3/2/2021
Published in Towards Data Science.
Frequentist terms like “significance”, “p-values”, and “confidence intervals” can feel like non-sequitur panel transitions—they give a yes/no answer but don’t always convey the story we need. In Scott McCloud’s Understanding Comics, action-to-action transitions link panels so the reader gets a clear, objective sequence. The same idea applies to experiment analysis: we need data views that work together to tell a coherent story of risk, reward, and certainty.

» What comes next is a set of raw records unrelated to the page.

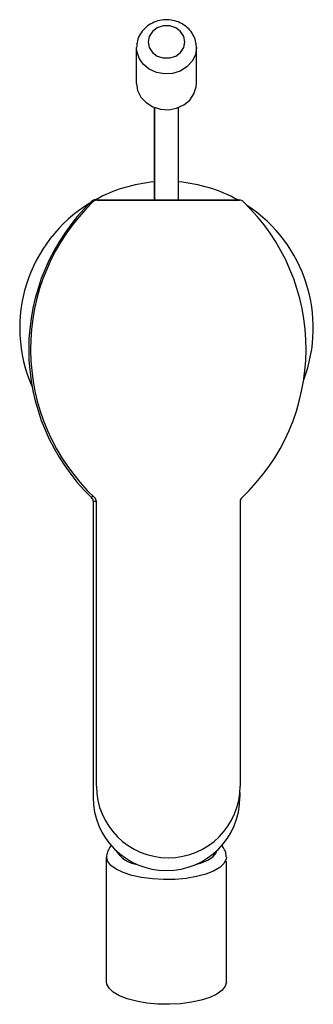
# Model space of a CAD drawing. Header units: millimetres. Extents: x 4038.306 to 4038.355, y 1739.339 to 1739.504.
import ezdxf

# ---------------------------------------------------------------- set-up
doc = ezdxf.new("R2010")
doc.units = ezdxf.units.MM
doc.layers.add('SANINDUSA', color=3, linetype='Continuous')

msp = doc.modelspace()

# ---------------------------------------------------------------- linework, layer by layer
at = {"layer": 'SANINDUSA'}
for p, q in [((4038.325118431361, 1739.493163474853), (4038.325118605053, 1739.499182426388)), ((4038.335118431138, 1739.493163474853), (4038.335118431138, 1739.499145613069)), ((4038.328118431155, 1739.473677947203), (4038.328118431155, 1739.489117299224)), ((4038.332118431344, 1739.473677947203), (4038.332118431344, 1739.489117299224)), ((4038.318230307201, 1739.473677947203), (4038.342006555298, 1739.473677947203)), ((4038.318230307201, 1739.473589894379), (4038.318230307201, 1739.473677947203)), ((4038.318528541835, 1739.473640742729), (4038.342308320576, 1739.473640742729)), ((4038.342006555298, 1739.473640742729), (4038.342006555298, 1739.473677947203)), ((4038.31786843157, 1739.423256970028), (4038.31786843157, 1739.373761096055)), ((4038.31786843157, 1739.423256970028), (4038.318416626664, 1739.423256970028)), ((4038.318418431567, 1739.375640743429), (4038.318418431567, 1739.423200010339)), ((4038.342418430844, 1739.423200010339), (4038.342418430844, 1739.375640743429)), ((4038.342368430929, 1739.373761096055), (4038.34227030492, 1739.373761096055)), ((4038.342368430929, 1739.374546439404), (4038.342368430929, 1739.373761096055)), ((4038.320118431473, 1739.342874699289), (4038.320118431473, 1739.363736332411)), ((4038.340118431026, 1739.342874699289), (4038.340118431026, 1739.36305997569))]:
    msp.add_line(p, q, dxfattribs=at)
at = {"layer": 'SANINDUSA', "flags": 128}
for points in [[(4038.333195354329, 1739.500083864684), (4038.333009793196, 1739.501013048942), (4038.332475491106, 1739.501830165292), (4038.331656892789, 1739.502436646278), (4038.330652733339, 1739.50275934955), (4038.32958412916, 1739.50275934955), (4038.32857996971, 1739.502436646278), (4038.327761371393, 1739.501830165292), (4038.327227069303, 1739.501013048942), (4038.32704150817, 1739.500083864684), (4038.327227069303, 1739.499154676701), (4038.327761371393, 1739.498337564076), (4038.32857996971, 1739.497731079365), (4038.32958412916, 1739.497408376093), (4038.330652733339, 1739.497408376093), (4038.331656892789, 1739.497731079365), (4038.332475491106, 1739.498337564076), (4038.333009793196, 1739.499154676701), (4038.333195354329, 1739.500083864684)], [(4038.335118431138, 1739.499145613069), (4038.334933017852, 1739.497954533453), (4038.33439052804, 1739.49685178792), (4038.333531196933, 1739.495919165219), (4038.332418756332, 1739.495225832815), (4038.331135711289, 1739.494823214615), (4038.329777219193, 1739.494741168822), (4038.328444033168, 1739.494985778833), (4038.32723502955, 1739.495538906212), (4038.326239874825, 1739.49635952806), (4038.325532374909, 1739.497386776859), (4038.325165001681, 1739.49854447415), (4038.325118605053, 1739.499182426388)], [(4038.325118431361, 1739.493163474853), (4038.325303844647, 1739.491972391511), (4038.325846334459, 1739.490869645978), (4038.326705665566, 1739.489937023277), (4038.327818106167, 1739.489243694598), (4038.32910115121, 1739.488841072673), (4038.330459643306, 1739.48875902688), (4038.331792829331, 1739.489003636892), (4038.333001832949, 1739.48955676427), (4038.333996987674, 1739.490377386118), (4038.33470448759, 1739.491404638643), (4038.335071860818, 1739.492562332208), (4038.335118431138, 1739.493163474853)], [(4038.317603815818, 1739.473424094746), (4038.317615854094, 1739.473411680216), (4038.317651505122, 1739.473374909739), (4038.317709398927, 1739.473315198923), (4038.317766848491, 1739.473255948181)], [(4038.317604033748, 1739.423881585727), (4038.317616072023, 1739.42389400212), (4038.317651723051, 1739.423930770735), (4038.317709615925, 1739.42399048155), (4038.317787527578, 1739.424070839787), (4038.317846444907, 1739.424131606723)], [(4038.340118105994, 1739.363766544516), (4038.340073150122, 1739.363380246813), (4038.339713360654, 1739.362680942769), (4038.339006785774, 1739.362019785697), (4038.337978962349, 1739.36142066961), (4038.336667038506, 1739.360905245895), (4038.335118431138, 1739.360492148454), (4038.333389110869, 1739.3601963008), (4038.331541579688, 1739.360028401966), (4038.329642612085, 1739.359994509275), (4038.327760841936, 1739.360095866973), (4038.325964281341, 1739.360328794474), (4038.324317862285, 1739.360684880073), (4038.322881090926, 1739.361151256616), (4038.321705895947, 1739.361711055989), (4038.320834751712, 1739.362344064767), (4038.320299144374, 1739.363027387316), (4038.320118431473, 1739.363736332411), (4038.320118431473, 1739.363736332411)], [(4038.334968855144, 1739.362512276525), (4038.335806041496, 1739.362760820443), (4038.336995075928, 1739.363255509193), (4038.337883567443, 1739.363831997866), (4038.338432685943, 1739.364465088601), (4038.338600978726, 1739.364923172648)], [(4038.340118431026, 1739.342874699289), (4038.339937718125, 1739.342165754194), (4038.339402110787, 1739.341482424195), (4038.338530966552, 1739.340849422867), (4038.337355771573, 1739.340289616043), (4038.335919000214, 1739.3398232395), (4038.334272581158, 1739.339467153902), (4038.332476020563, 1739.339234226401), (4038.330594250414, 1739.339132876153), (4038.328695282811, 1739.339166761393), (4038.32684775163, 1739.339334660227), (4038.325118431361, 1739.339630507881), (4038.323569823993, 1739.340043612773), (4038.32225790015, 1739.340559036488), (4038.321230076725, 1739.341158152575), (4038.320523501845, 1739.341819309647), (4038.320163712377, 1739.342518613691), (4038.320118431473, 1739.342874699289)]]:
    msp.add_lwpolyline(points, dxfattribs=at)
at = {"layer": 'SANINDUSA'}
for centre, radius, start, end in [((4038.33011843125, 1739.452252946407), 0.02450000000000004, 94.68241684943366, 119.0153494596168), ((4038.33011843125, 1739.452252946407), 0.02450000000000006, 60.98465054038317, 85.31758315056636), ((4038.33011843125, 1739.452252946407), 0.02450000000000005, 121.5023929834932, 203.7411683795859), ((4038.341621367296, 1739.448652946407), 0.0345029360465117, 134.1150713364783, 225.8854337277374), ((4038.341650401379, 1739.44873241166), 0.03423197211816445, 133.9224495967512, 226.6151921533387), ((4038.318230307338, 1739.472777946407), 0.0009000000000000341, 90, 134.1150713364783), ((4038.318528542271, 1739.472740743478), 0.0009000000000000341, 90, 133.9224495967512), ((4038.342006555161, 1739.472777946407), 0.0009000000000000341, 73.46849338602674, 90), ((4038.342308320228, 1739.472740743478), 0.0009000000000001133, 46.07755040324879, 90), ((4038.31918646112, 1739.44873241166), 0.03423197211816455, 313.3848078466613, 46.07755040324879), ((4038.33011843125, 1739.452252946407), 0.02450000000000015, 339.2292048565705, 56.47209455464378), ((4038.316998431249, 1739.423256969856), 0.000870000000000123, 0, 45.88543372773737), ((4038.317518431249, 1739.423200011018), 0.0009000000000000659, 0, 46.6151921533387), ((4038.343318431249, 1739.423200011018), 0.0009000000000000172, 133.3848078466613, 180), ((4038.33041843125, 1739.375640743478), 0.01200000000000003, 180, 0), ((4038.33011843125, 1739.373761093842), 0.01225000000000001, 180, 0), ((4038.325786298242, 1739.367234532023), 0.004750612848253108, 209.1133659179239, 263.7365747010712)]:
    msp.add_arc(centre, radius, start, end, dxfattribs=at)
for points, knots in [([(4038.335118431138, 1739.499145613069), (4038.335102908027, 1739.499420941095), (4038.335065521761, 1739.500084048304), (4038.334713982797, 1739.501092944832), (4038.334064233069, 1739.502081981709), (4038.333171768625, 1739.502889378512), (4038.332090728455, 1739.503471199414), (4038.330877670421, 1739.503790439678), (4038.329603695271, 1739.503820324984), (4038.328348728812, 1739.503549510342), (4038.327199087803, 1739.502986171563), (4038.326233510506, 1739.502161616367), (4038.325541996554, 1739.501131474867), (4038.325160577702, 1739.500107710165), (4038.325156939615, 1739.499446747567), (4038.325118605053, 1739.499182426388)], [0, 0, 0, 0, 0.05575593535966, 0.1342840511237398, 0.2126480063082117, 0.2915207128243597, 0.3713863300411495, 0.4523810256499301, 0.5343996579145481, 0.6172423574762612, 0.7005653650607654, 0.7838995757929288, 0.8665867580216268, 0.9480221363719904, 1, 1, 1, 1]), ([(4038.320960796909, 1739.365769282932), (4038.320959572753, 1739.365768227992), (4038.320716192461, 1739.365558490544), (4038.320411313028, 1739.365030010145), (4038.320145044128, 1739.364318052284), (4038.320124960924, 1739.363879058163), (4038.320118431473, 1739.363736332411)], [0, 0, 0, 0, 0.0021357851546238, 0.4246253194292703, 0.8129342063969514, 1, 1, 1, 1]), ([(4038.340077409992, 1739.363791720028), (4038.340076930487, 1739.36398274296), (4038.340075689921, 1739.364476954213), (4038.339772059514, 1739.365160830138), (4038.339428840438, 1739.365562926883), (4038.339276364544, 1739.365741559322)], [0, 0, 0, 0, 0.2593400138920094, 0.6709600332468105, 1, 1, 1, 1])]:
    msp.add_open_spline(points, degree=3, knots=knots, dxfattribs=at)
for points in [[(4038.328118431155, 1739.489117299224), (4038.328118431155, 1739.473677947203)], [(4038.332118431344, 1739.473677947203), (4038.332118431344, 1739.489117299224)], [(4038.339454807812, 1739.365512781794), (4038.339454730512, 1739.365830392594)]]:
    msp.add_open_spline(points, degree=1, dxfattribs=at)

doc.saveas('drawing.dxf')

The article frames two experiment goals: conversion win (validate the hypothesis or learn something) and de-risk (check the variation is safe to launch; a “flat” result is acceptable). For de-risk tests, “how long to run?” is hard—teams often keep tests running to “collect more data”. Boolean significance isn’t enough when nuance is needed. Expected Loss (Chris Stucchio, VWO) adds the missing “risk” panel: what is the conversion cost of choosing one variant over the other? Charting cumulative Expected Loss over time for each variant, plus cumulative conversion rates (reward) and Bayesian probability (certainty), gives an action-to-action story. Rules of thumb: e.g. stable lines for the last seven days, identify best performer, then check certainty and expected loss if probability is borderline. At Trainline, this approach added clarity, reduced runtimes (especially for “flat” tests), and helped stakeholders decide with less reliance on highly specialised stats—and worked for lower-traffic contexts too.